◆ Given records:
——————————

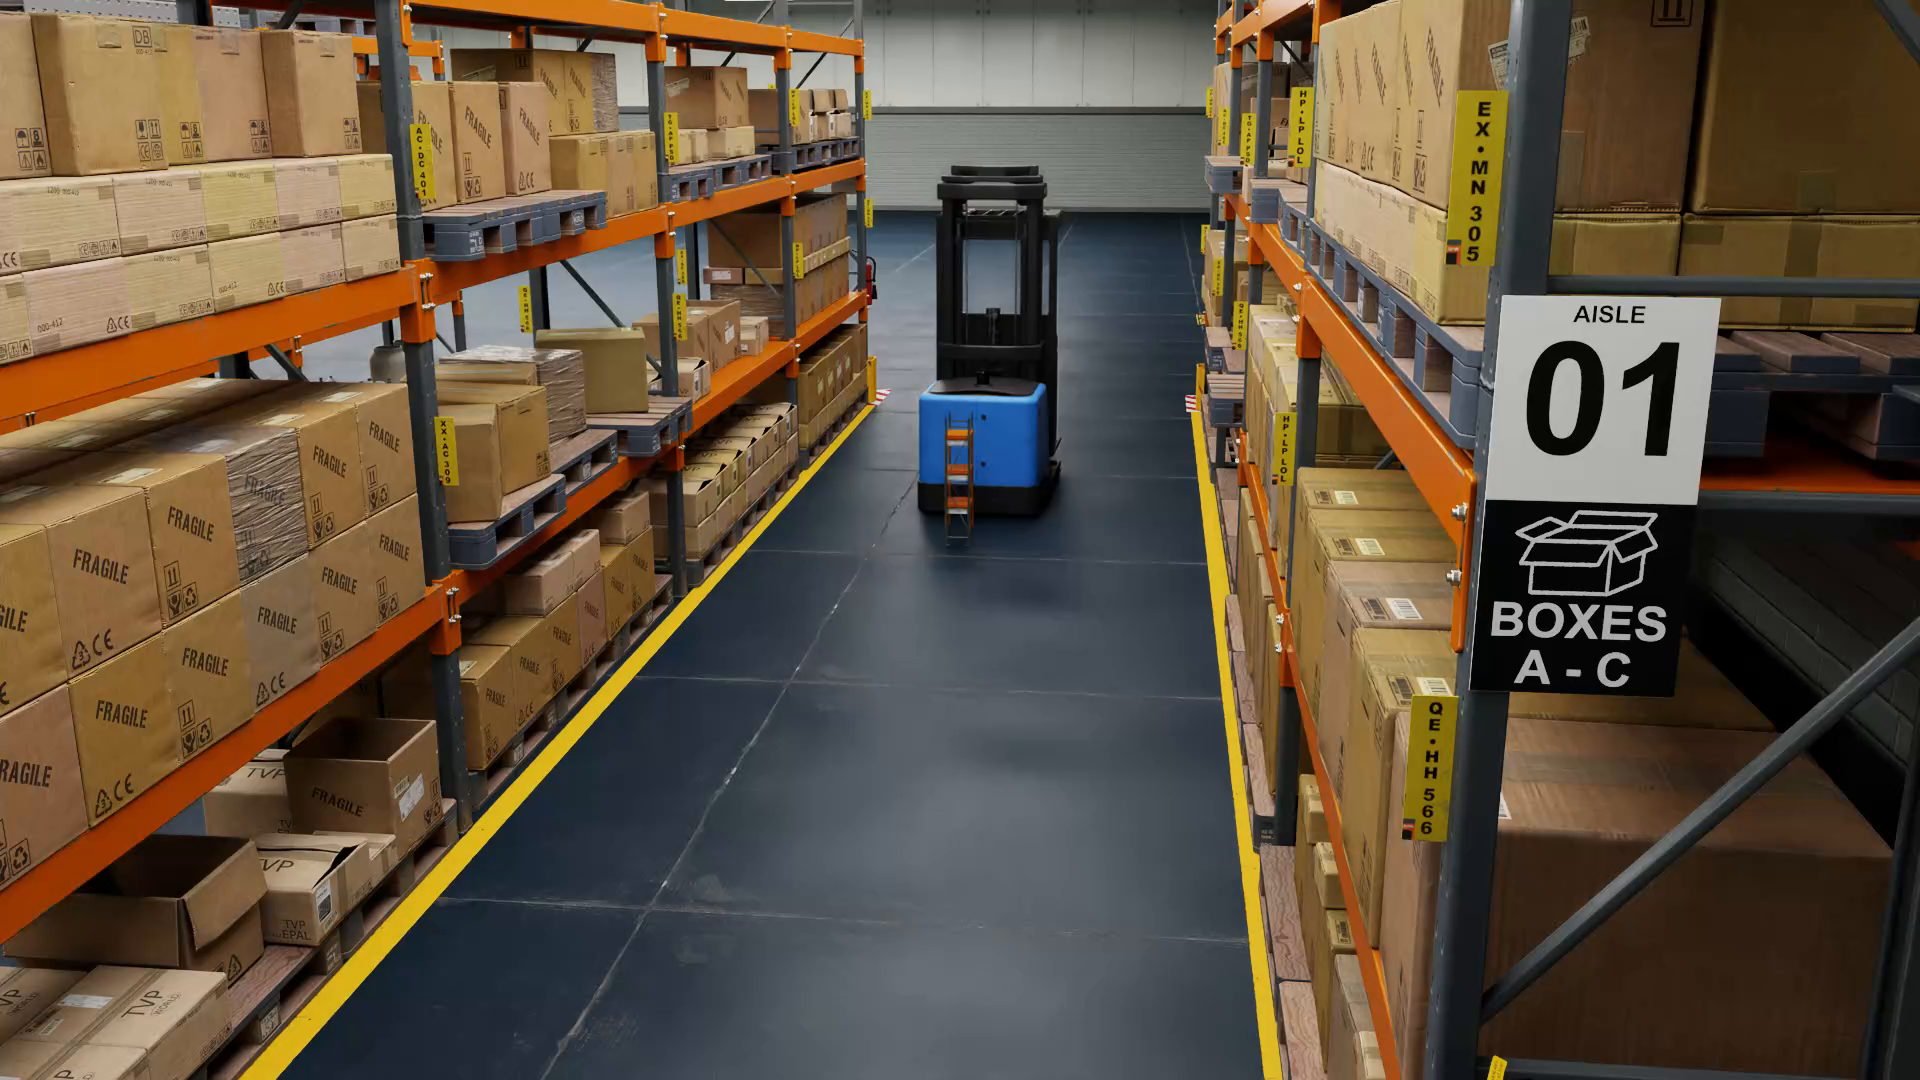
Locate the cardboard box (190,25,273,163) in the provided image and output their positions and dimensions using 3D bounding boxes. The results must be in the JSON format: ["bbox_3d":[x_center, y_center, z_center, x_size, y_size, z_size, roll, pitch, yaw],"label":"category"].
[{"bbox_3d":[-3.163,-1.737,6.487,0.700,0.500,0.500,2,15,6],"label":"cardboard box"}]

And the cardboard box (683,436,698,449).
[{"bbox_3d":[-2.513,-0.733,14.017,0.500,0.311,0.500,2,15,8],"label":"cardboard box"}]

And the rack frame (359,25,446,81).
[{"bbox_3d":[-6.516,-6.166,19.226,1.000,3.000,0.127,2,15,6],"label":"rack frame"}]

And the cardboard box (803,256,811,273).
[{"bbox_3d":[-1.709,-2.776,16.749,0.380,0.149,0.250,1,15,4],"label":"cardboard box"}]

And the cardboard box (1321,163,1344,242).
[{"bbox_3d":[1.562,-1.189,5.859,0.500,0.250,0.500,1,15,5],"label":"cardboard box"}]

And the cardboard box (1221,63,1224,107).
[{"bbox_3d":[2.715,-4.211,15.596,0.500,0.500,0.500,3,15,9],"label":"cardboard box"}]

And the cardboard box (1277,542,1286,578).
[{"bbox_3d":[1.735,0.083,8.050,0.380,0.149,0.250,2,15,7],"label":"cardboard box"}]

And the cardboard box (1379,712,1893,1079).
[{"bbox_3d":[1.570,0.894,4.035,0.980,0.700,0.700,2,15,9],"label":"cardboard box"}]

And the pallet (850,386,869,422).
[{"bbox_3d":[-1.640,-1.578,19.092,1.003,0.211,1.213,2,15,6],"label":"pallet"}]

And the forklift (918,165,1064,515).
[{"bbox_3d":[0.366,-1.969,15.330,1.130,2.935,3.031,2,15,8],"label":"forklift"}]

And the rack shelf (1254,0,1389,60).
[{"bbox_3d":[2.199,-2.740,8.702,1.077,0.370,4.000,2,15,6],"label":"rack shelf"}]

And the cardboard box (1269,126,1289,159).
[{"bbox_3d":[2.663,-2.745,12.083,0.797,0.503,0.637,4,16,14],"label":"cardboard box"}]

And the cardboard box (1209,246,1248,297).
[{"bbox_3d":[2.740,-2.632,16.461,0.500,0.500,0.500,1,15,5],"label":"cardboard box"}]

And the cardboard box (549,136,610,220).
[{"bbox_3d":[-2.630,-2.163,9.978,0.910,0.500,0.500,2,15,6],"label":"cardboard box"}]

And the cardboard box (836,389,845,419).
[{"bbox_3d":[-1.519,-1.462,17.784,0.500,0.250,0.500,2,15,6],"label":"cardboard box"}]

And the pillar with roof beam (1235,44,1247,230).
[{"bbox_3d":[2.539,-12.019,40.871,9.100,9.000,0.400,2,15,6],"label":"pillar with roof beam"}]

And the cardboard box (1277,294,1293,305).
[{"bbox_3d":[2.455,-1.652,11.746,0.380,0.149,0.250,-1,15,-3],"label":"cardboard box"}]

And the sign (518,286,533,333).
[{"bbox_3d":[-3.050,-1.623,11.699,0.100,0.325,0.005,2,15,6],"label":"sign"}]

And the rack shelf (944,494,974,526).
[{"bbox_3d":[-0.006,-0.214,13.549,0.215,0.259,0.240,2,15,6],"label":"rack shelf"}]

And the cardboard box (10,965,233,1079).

——————————

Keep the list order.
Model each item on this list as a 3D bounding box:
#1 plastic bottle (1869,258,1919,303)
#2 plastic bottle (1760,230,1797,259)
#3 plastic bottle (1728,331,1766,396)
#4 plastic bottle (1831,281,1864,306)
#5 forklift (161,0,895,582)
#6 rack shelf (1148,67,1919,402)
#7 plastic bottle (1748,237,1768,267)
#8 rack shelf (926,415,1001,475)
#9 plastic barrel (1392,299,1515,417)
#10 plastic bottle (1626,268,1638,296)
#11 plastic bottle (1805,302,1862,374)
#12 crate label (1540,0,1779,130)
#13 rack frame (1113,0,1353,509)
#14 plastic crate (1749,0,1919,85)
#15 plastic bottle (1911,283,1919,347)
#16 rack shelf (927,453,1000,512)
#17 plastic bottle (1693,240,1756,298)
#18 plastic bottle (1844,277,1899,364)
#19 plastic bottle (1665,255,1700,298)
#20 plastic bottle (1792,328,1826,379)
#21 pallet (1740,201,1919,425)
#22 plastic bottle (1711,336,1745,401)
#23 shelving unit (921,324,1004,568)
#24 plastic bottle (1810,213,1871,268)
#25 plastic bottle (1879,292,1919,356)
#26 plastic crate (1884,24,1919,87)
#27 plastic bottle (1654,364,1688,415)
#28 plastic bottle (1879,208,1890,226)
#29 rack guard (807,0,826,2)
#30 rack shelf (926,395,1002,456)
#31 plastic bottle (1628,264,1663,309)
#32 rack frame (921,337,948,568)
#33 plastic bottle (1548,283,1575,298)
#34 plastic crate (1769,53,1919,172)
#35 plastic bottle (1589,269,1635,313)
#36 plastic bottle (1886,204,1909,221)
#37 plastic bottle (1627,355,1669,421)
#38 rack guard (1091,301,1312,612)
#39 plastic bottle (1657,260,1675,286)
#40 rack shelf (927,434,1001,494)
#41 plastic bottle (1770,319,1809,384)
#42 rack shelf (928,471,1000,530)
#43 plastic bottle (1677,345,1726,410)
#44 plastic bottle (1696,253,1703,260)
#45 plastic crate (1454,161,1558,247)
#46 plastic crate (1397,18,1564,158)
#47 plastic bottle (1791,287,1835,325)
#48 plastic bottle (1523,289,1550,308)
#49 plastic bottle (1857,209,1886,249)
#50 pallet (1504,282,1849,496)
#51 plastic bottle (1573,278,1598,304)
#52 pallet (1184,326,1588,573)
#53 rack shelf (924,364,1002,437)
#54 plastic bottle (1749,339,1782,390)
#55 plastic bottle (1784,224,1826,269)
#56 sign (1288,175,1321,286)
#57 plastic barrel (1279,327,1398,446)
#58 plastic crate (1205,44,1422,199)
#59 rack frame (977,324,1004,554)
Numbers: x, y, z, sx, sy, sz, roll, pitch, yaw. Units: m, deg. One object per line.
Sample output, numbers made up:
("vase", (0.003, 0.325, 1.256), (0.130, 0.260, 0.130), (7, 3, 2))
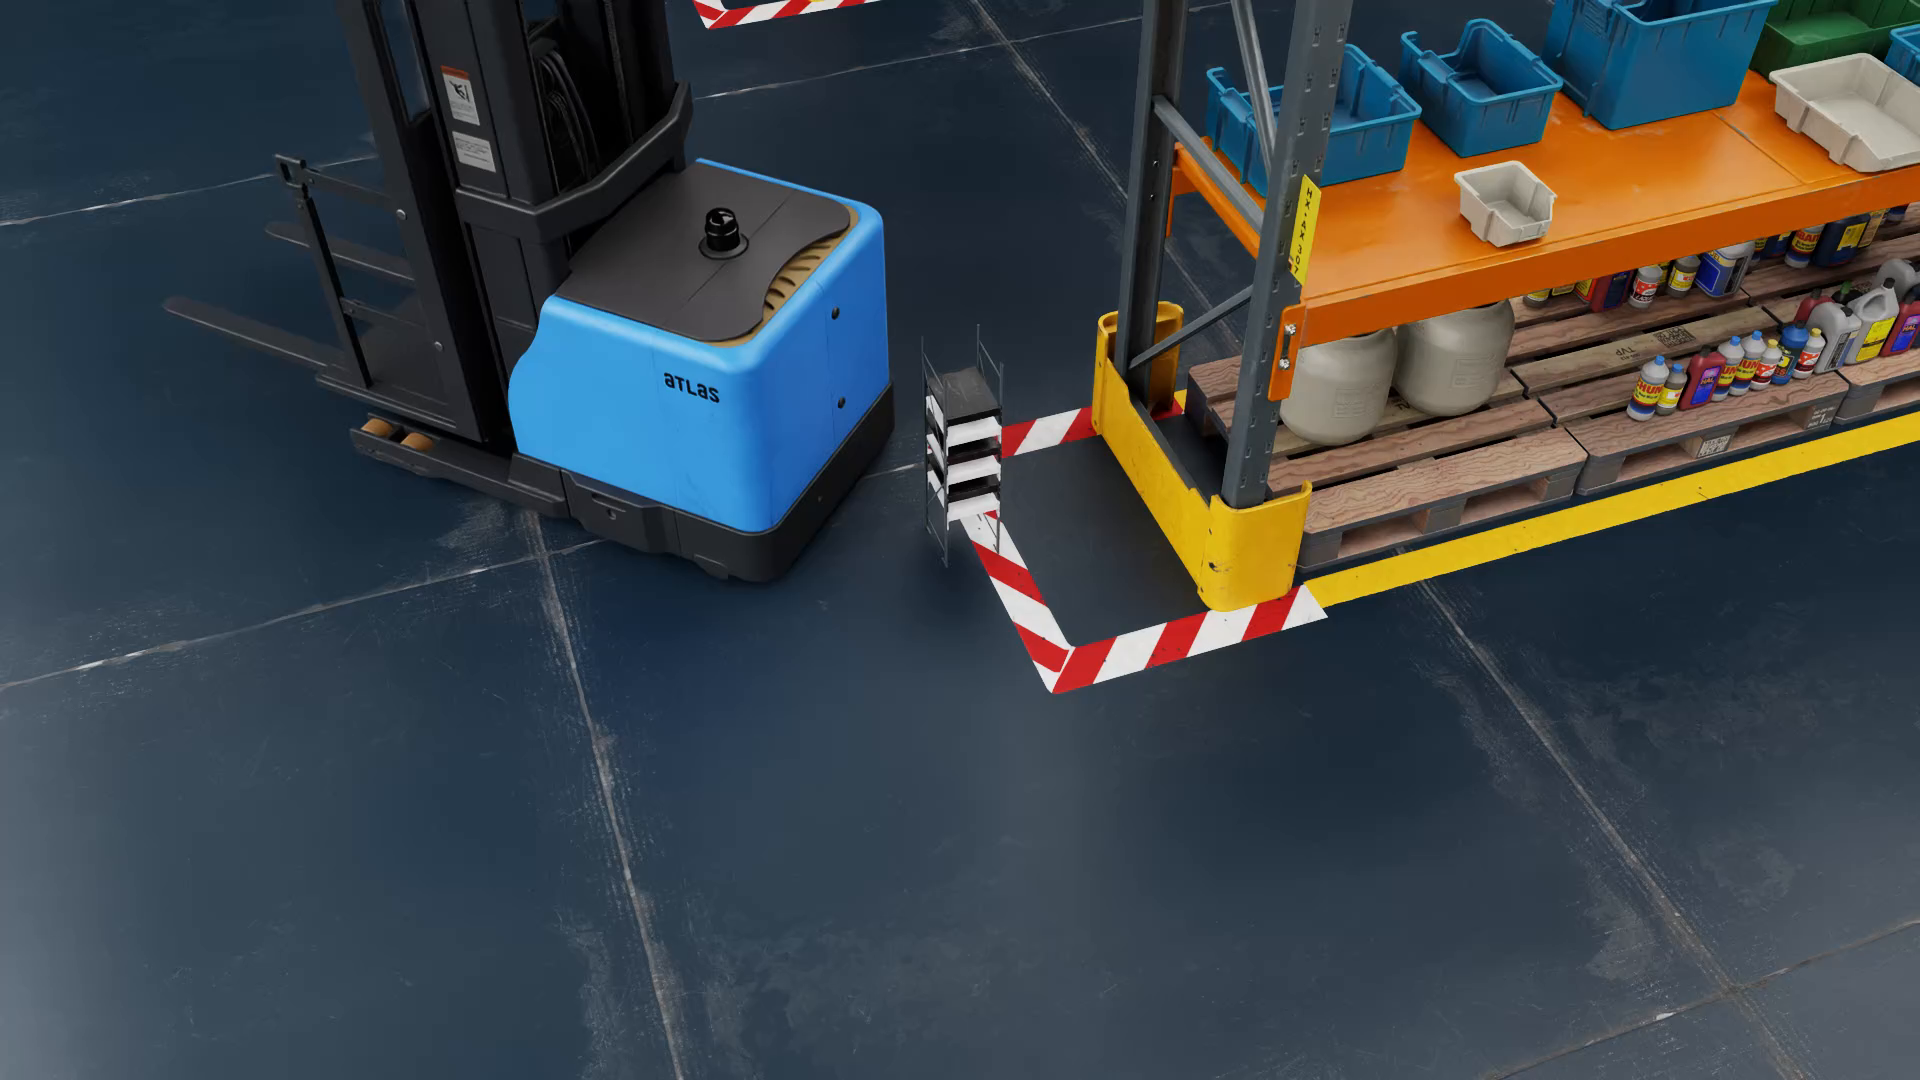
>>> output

——————————

◆ What you will do: Every line above from the line with "#34 plastic crate (1769,53,1919,172)" to the line with "#40 rack shelf (927,434,1001,494)", both included, must be reproduced exactly, and no other line may appear.

◆ Task answer:
#34 plastic crate (1769,53,1919,172)
#35 plastic bottle (1589,269,1635,313)
#36 plastic bottle (1886,204,1909,221)
#37 plastic bottle (1627,355,1669,421)
#38 rack guard (1091,301,1312,612)
#39 plastic bottle (1657,260,1675,286)
#40 rack shelf (927,434,1001,494)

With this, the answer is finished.